Cons: Mini-PCIe slot has no mounting bracket for cards and may not have worked with a mini-PCIe to Firewire card I bought. A simple 'stable, no overclocking' option was missing; it defaulted to 'turbo' mode for my processor, and the auto-tuning application sped up my CPU by 5% while under-clocking my RAM by 12% for some reason. I had to hand-configure this board to not overclock or underclock anything. SATA RAID will fail if you disable Windows write cache buffer flushing and try to enable write-back caching. Stick with write-through caching and leave write cache buffer flushing enabled.

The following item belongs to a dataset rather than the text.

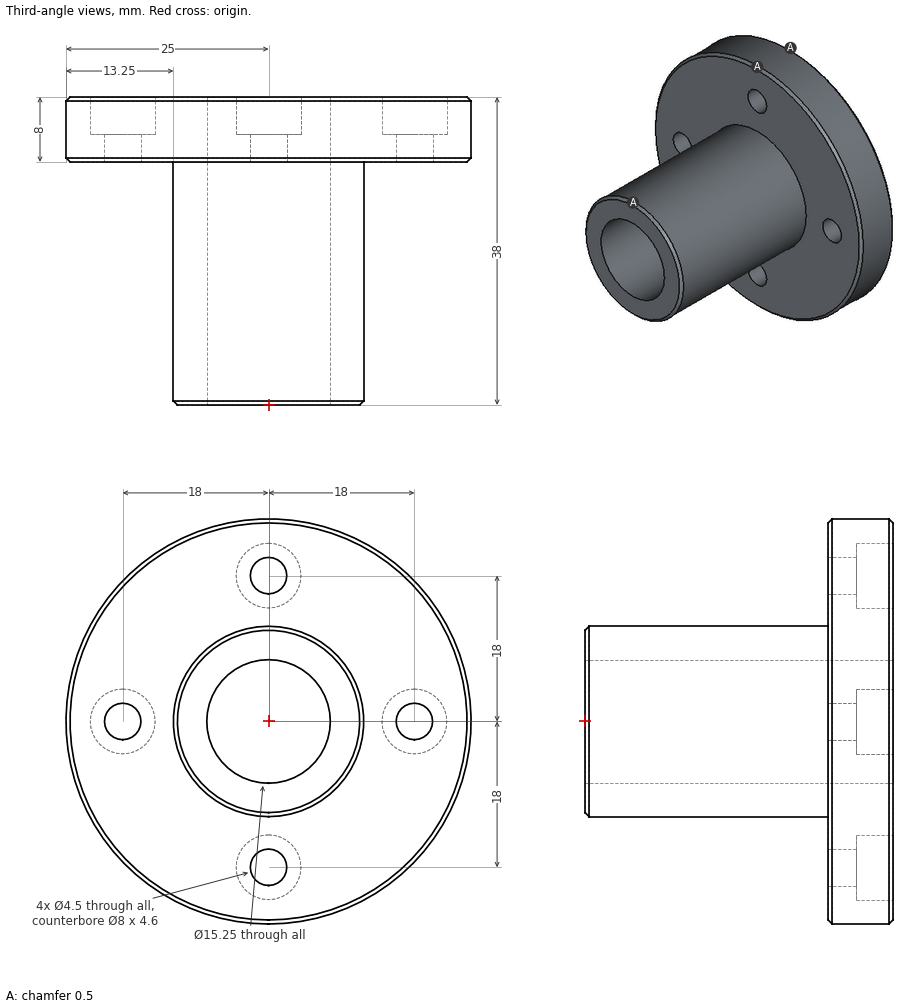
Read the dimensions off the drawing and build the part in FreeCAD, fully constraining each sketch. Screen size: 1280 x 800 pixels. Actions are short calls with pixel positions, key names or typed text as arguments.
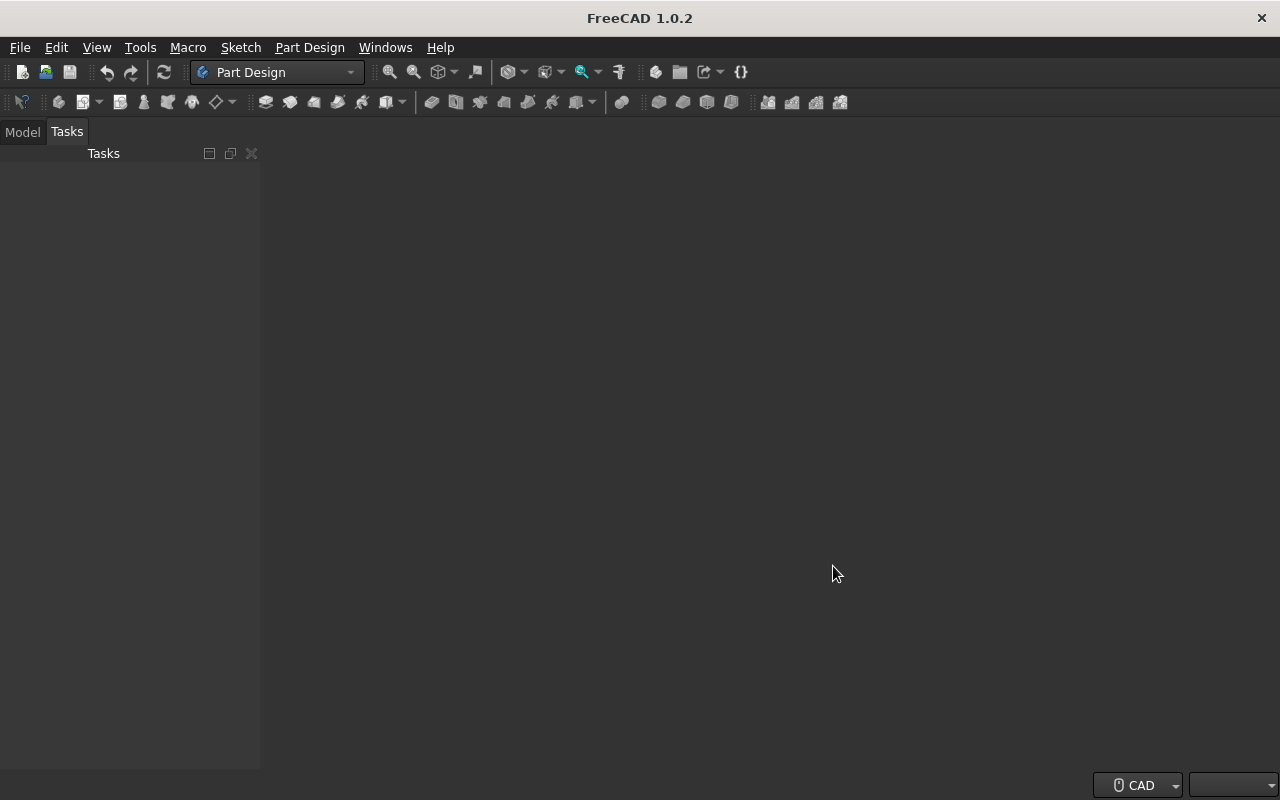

Overall Review: I needed to cram a lot of computing power into a small desk space. After failing to make a full size ATX system work in a small case, I had to go Micro-ATX while still supporting seven SATA devices, Firewire, a GTX 760 graphics card, and a regular PCIe x1 capture card. I also wanted to build for reliability. This tweaker's board is not suited for a novice builder because the default settings assume you want to overclock things. However, once I got the settings to match the processor and RAM's design specs, the board behaved. Still working on a Firewire solution. I might have to forego Mini-PCIe cards and just go PCIe, which would use the remaining PCIe slot and prevent me from going SLI with graphics cards in the future.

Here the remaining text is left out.